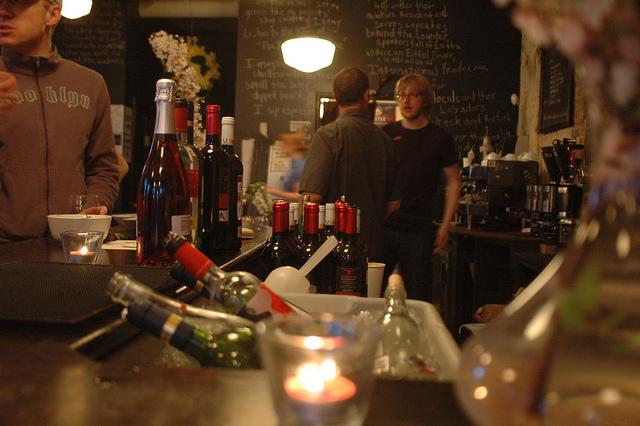Is there a bottle of champagne on the bar?
Answer briefly. Yes. Is the candle on the bar lit?
Keep it brief. Yes. What does the person on the lefts hoodie read?
Concise answer only. Brooklyn. 
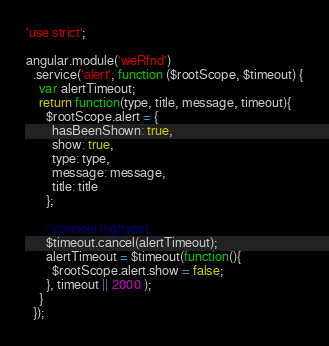Convert code to text. <code><loc_0><loc_0><loc_500><loc_500><_JavaScript_>'use strict';

angular.module('weRfnd')
  .service('alert', function ($rootScope, $timeout) {
    var alertTimeout;
    return function(type, title, message, timeout){
      $rootScope.alert = {
        hasBeenShown: true,
        show: true,
        type: type,
        message: message,
        title: title
      };

      //console.log(type);
      $timeout.cancel(alertTimeout);
      alertTimeout = $timeout(function(){
        $rootScope.alert.show = false;
      }, timeout || 2000 );
    }
  });
</code> 
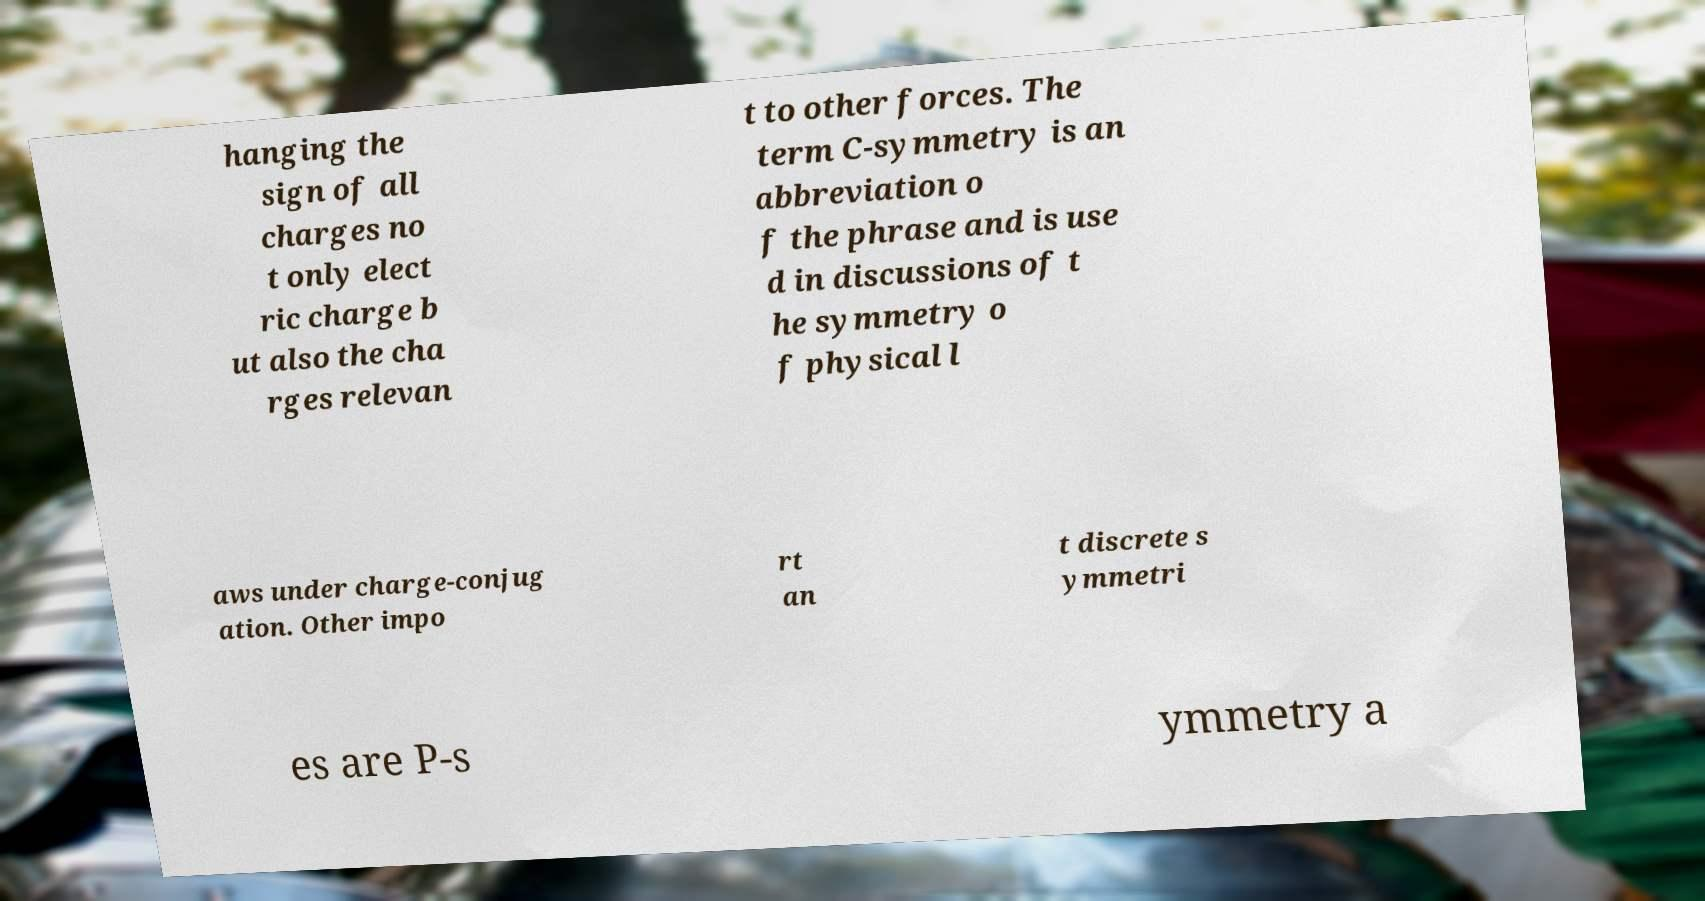I need the written content from this picture converted into text. Can you do that? hanging the sign of all charges no t only elect ric charge b ut also the cha rges relevan t to other forces. The term C-symmetry is an abbreviation o f the phrase and is use d in discussions of t he symmetry o f physical l aws under charge-conjug ation. Other impo rt an t discrete s ymmetri es are P-s ymmetry a 
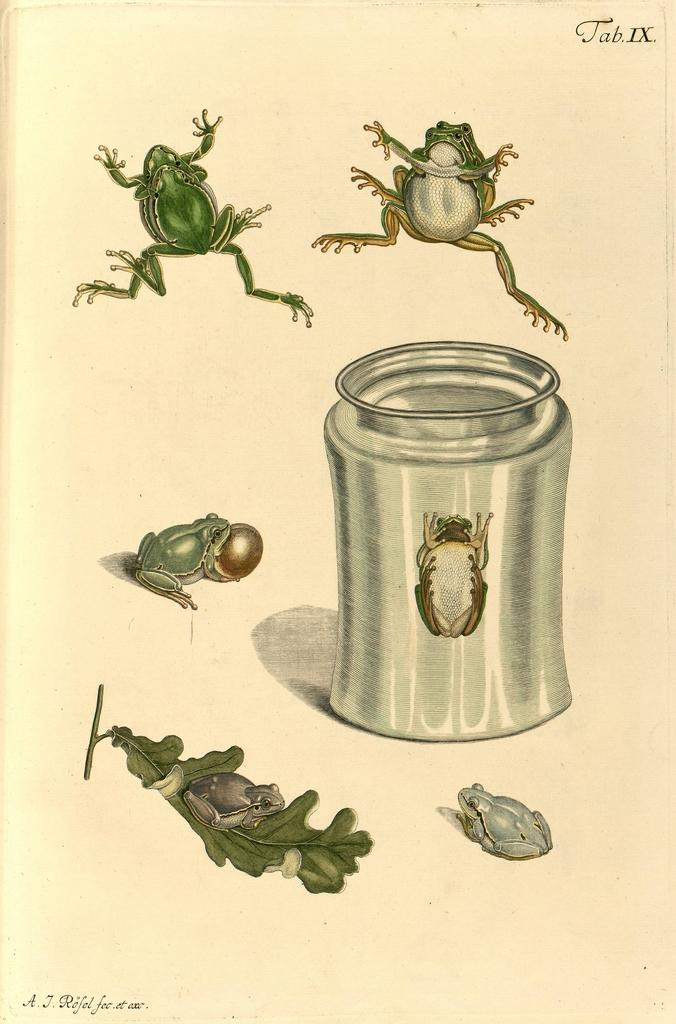What is depicted on the paper in the image? The paper contains paintings of frogs and a leaf. What else can be seen in the image besides the paper? There is a jar in the image, and an insect is inside the jar. What type of whip is hanging from the leaf in the image? There is no whip present in the image; the paper contains paintings of frogs and a leaf, but no whip. Can you tell me how many beans are in the jar with the insect? There is no mention of beans in the image; the jar contains an insect, but no beans. 
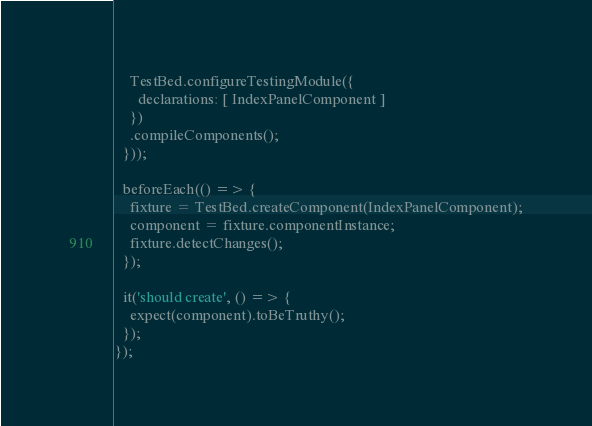Convert code to text. <code><loc_0><loc_0><loc_500><loc_500><_TypeScript_>    TestBed.configureTestingModule({
      declarations: [ IndexPanelComponent ]
    })
    .compileComponents();
  }));

  beforeEach(() => {
    fixture = TestBed.createComponent(IndexPanelComponent);
    component = fixture.componentInstance;
    fixture.detectChanges();
  });

  it('should create', () => {
    expect(component).toBeTruthy();
  });
});
</code> 
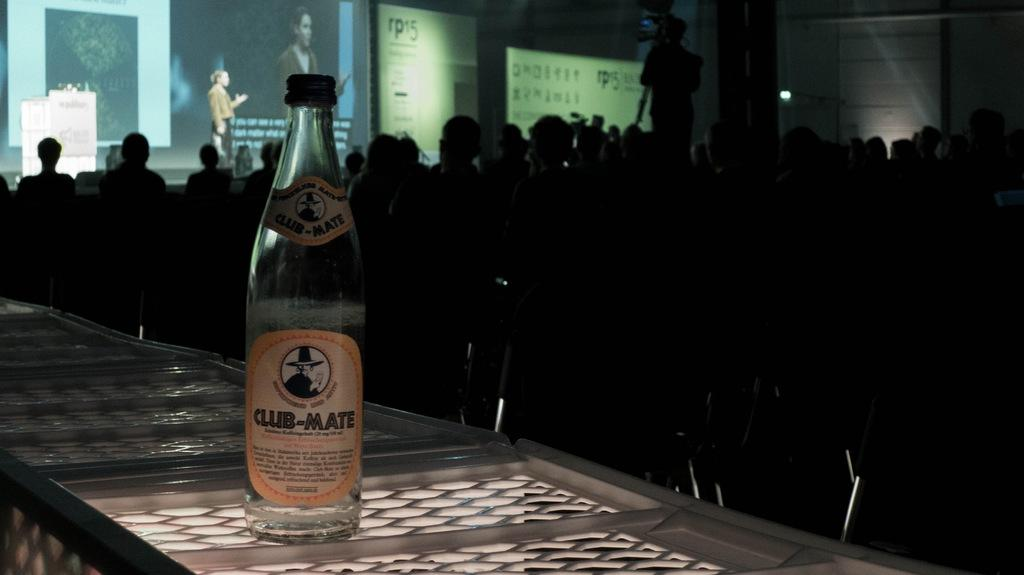Provide a one-sentence caption for the provided image. A large crowd of people are cast in a dark shadow with a bottle of Club-Mate at the forefront of the image. 
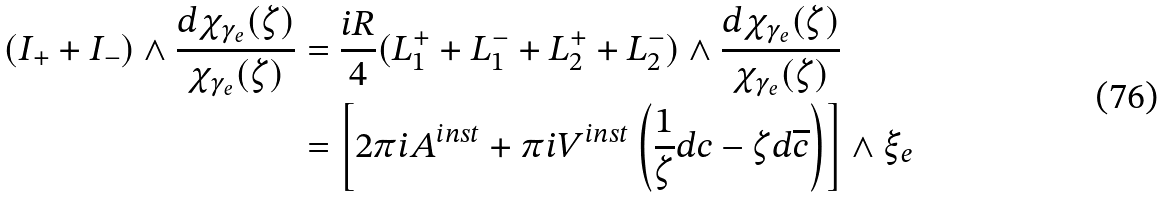Convert formula to latex. <formula><loc_0><loc_0><loc_500><loc_500>( I _ { + } + I _ { - } ) \wedge \frac { d \chi _ { \gamma _ { e } } ( \zeta ) } { \chi _ { \gamma _ { e } } ( \zeta ) } & = \frac { i R } { 4 } ( L ^ { + } _ { 1 } + L ^ { - } _ { 1 } + L ^ { + } _ { 2 } + L ^ { - } _ { 2 } ) \wedge \frac { d \chi _ { \gamma _ { e } } ( \zeta ) } { \chi _ { \gamma _ { e } } ( \zeta ) } \\ & = \left [ 2 \pi i A ^ { i n s t } + \pi i V ^ { i n s t } \left ( \frac { 1 } { \zeta } d c - \zeta d \overline { c } \right ) \right ] \wedge \xi _ { e }</formula> 
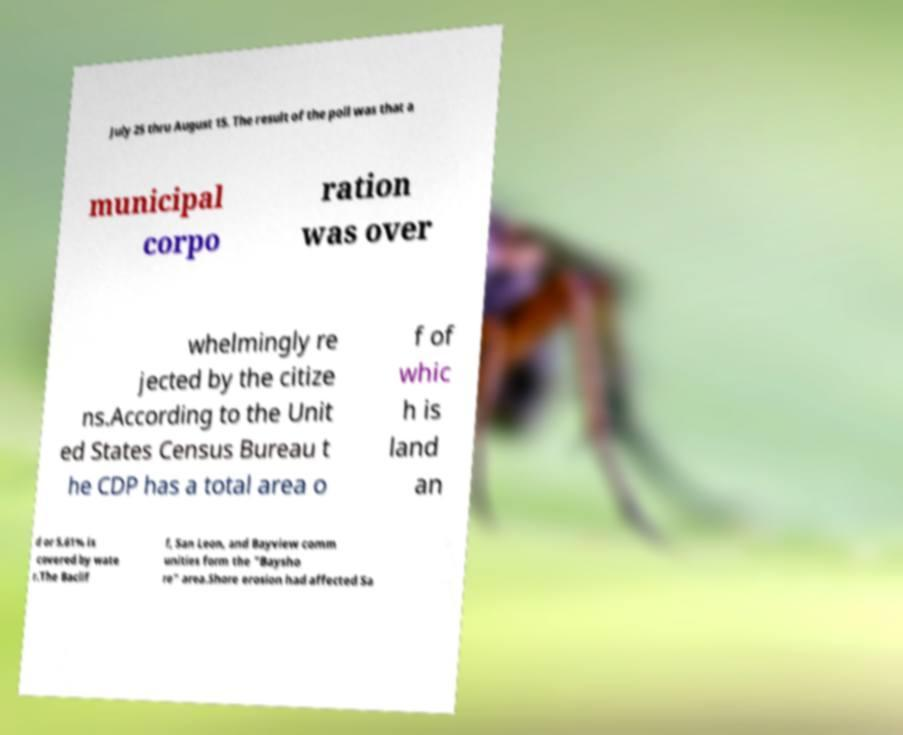I need the written content from this picture converted into text. Can you do that? July 25 thru August 15. The result of the poll was that a municipal corpo ration was over whelmingly re jected by the citize ns.According to the Unit ed States Census Bureau t he CDP has a total area o f of whic h is land an d or 5.61% is covered by wate r.The Baclif f, San Leon, and Bayview comm unities form the "Baysho re" area.Shore erosion had affected Sa 
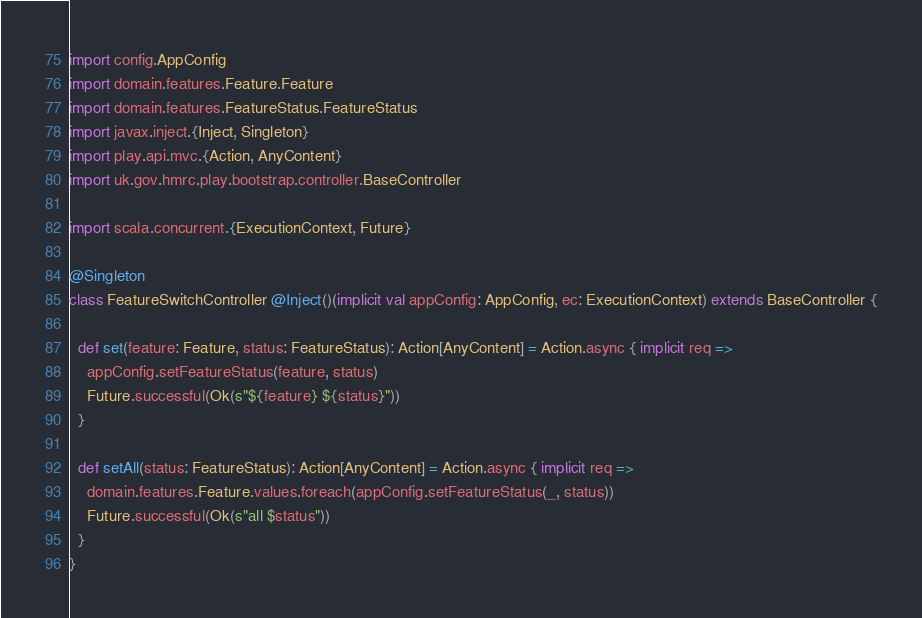<code> <loc_0><loc_0><loc_500><loc_500><_Scala_>
import config.AppConfig
import domain.features.Feature.Feature
import domain.features.FeatureStatus.FeatureStatus
import javax.inject.{Inject, Singleton}
import play.api.mvc.{Action, AnyContent}
import uk.gov.hmrc.play.bootstrap.controller.BaseController

import scala.concurrent.{ExecutionContext, Future}

@Singleton
class FeatureSwitchController @Inject()(implicit val appConfig: AppConfig, ec: ExecutionContext) extends BaseController {

  def set(feature: Feature, status: FeatureStatus): Action[AnyContent] = Action.async { implicit req =>
    appConfig.setFeatureStatus(feature, status)
    Future.successful(Ok(s"${feature} ${status}"))
  }

  def setAll(status: FeatureStatus): Action[AnyContent] = Action.async { implicit req =>
    domain.features.Feature.values.foreach(appConfig.setFeatureStatus(_, status))
    Future.successful(Ok(s"all $status"))
  }
}
</code> 
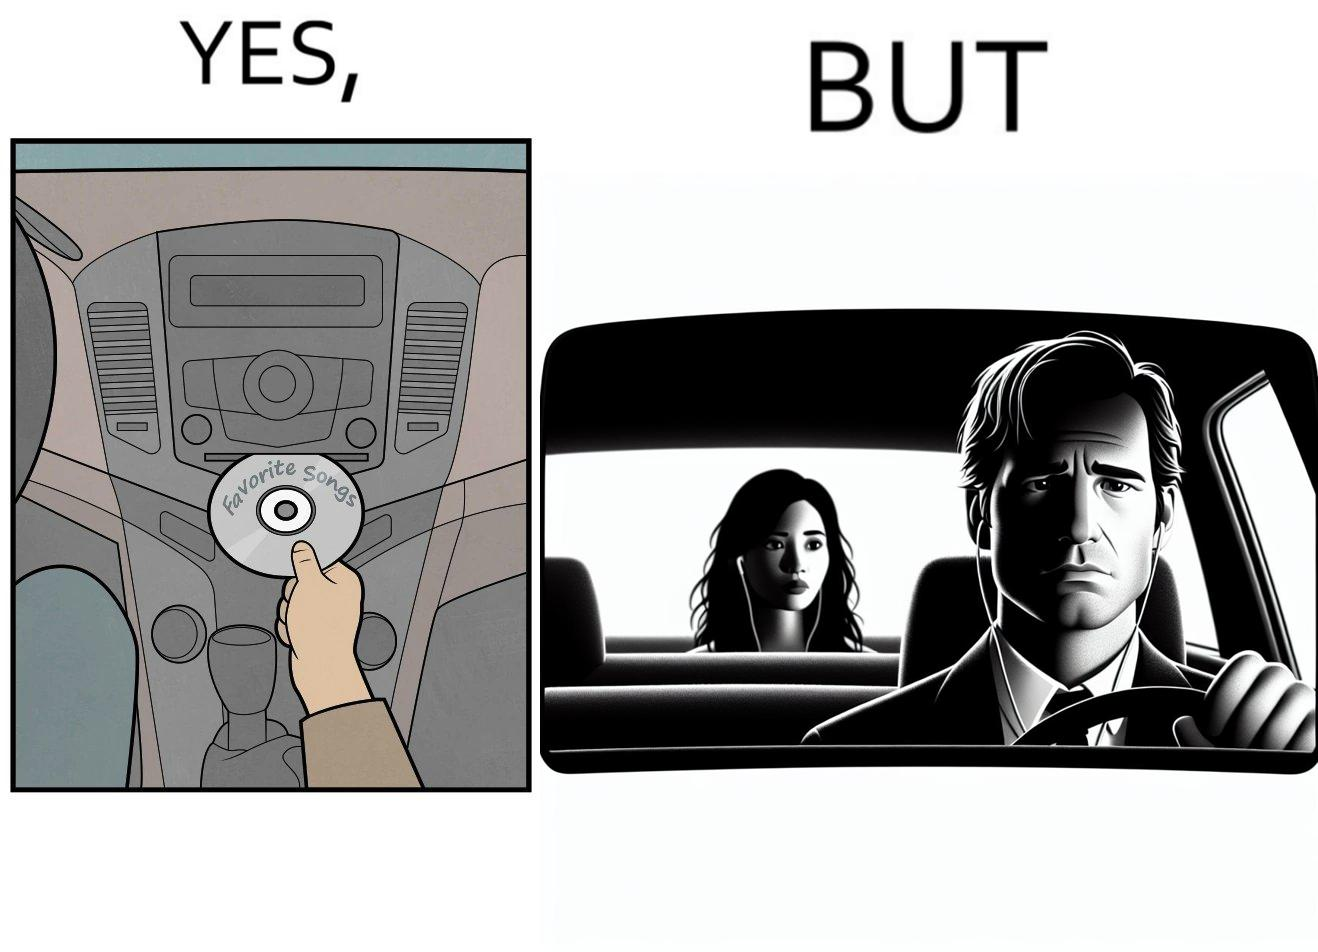Describe the satirical element in this image. The image is funny, as the driver of the car inserts a CD named "Favorite Songs" into the CD player for the passenger, but the driver is sad on seeing the passenger in the back seat listening to something else on earphones instead. 
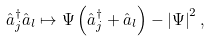<formula> <loc_0><loc_0><loc_500><loc_500>\hat { a } _ { j } ^ { \dagger } \hat { a } _ { l } \mapsto \Psi \left ( \hat { a } _ { j } ^ { \dagger } + \hat { a } _ { l } \right ) - \left | \Psi \right | ^ { 2 } ,</formula> 
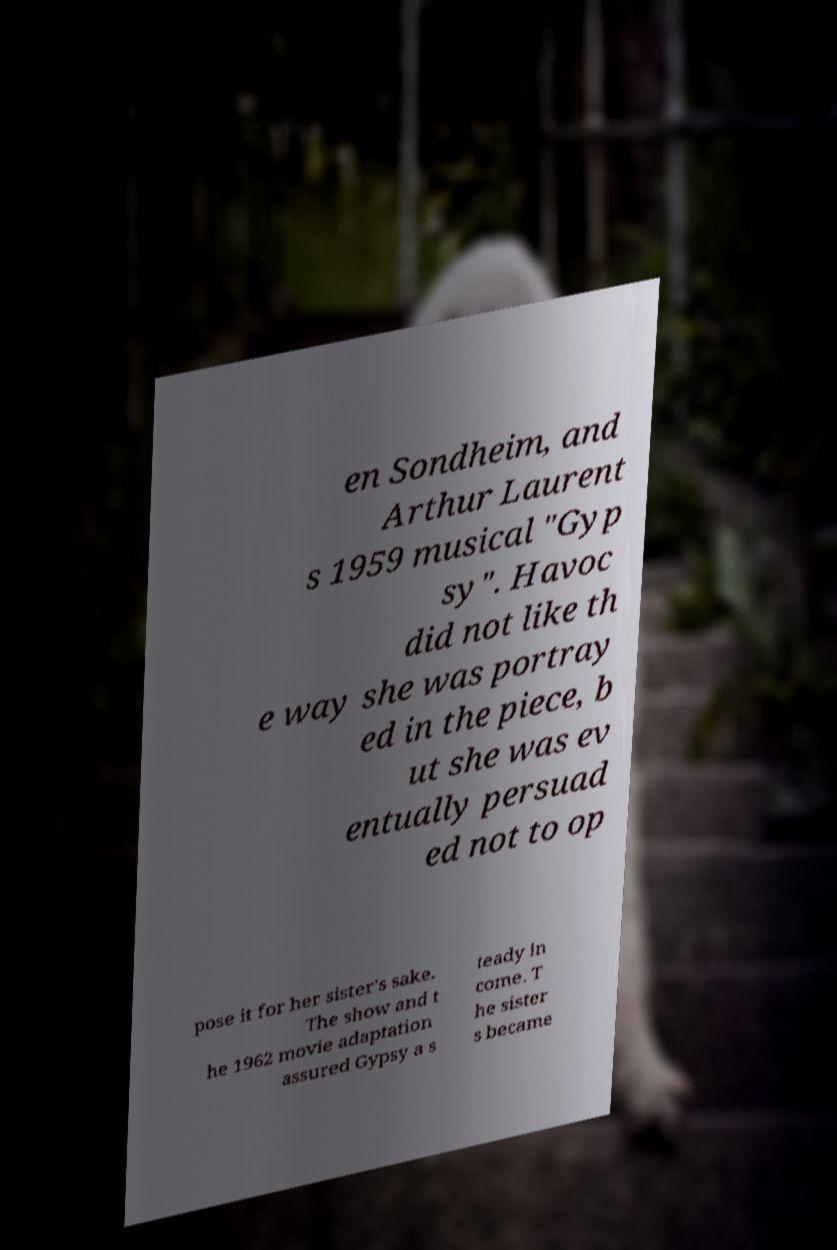Can you read and provide the text displayed in the image?This photo seems to have some interesting text. Can you extract and type it out for me? en Sondheim, and Arthur Laurent s 1959 musical "Gyp sy". Havoc did not like th e way she was portray ed in the piece, b ut she was ev entually persuad ed not to op pose it for her sister's sake. The show and t he 1962 movie adaptation assured Gypsy a s teady in come. T he sister s became

Your task. The lines to copy are those in the records above containing the word "rootScope".

Output of the exercise.
  .service('alert', function ($rootScope, $timeout) {
      $rootScope.alert = {
        $rootScope.alert.show = false;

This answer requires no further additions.